WORK TASK
In this exercise, retype exactly the lines from the start of the entries through the line bearing "Format example (made", leaving every picture out.

DATA IN THIS EXERCISE
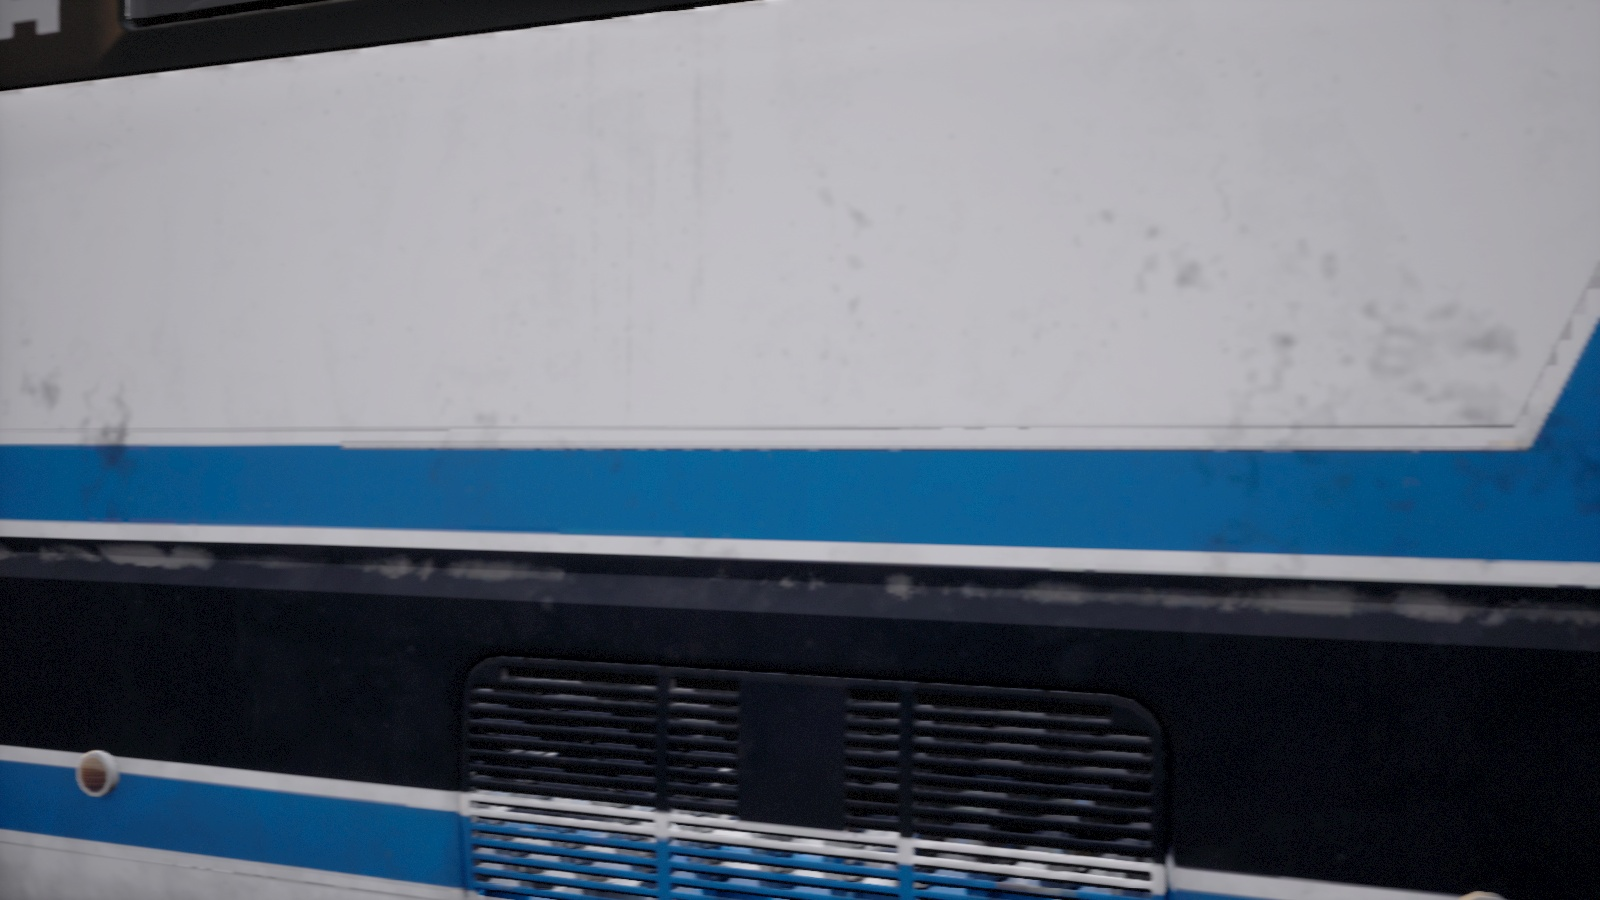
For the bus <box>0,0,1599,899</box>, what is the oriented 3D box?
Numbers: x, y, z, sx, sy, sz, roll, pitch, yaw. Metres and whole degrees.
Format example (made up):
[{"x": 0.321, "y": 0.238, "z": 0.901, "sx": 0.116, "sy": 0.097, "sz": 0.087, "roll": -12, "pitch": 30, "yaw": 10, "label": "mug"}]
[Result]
[{"x": -0.354, "y": -0.613, "z": 3.819, "sx": 10.273, "sy": 4.253, "sz": 3.944, "roll": 1, "pitch": 1, "yaw": 19, "label": "bus"}]

TASK RESPONSE
For the bus <box>0,0,1599,899</box>, what is the oriented 3D box?
Numbers: x, y, z, sx, sy, sz, roll, pitch, yaw. Metres and whole degrees.
Format example (made up):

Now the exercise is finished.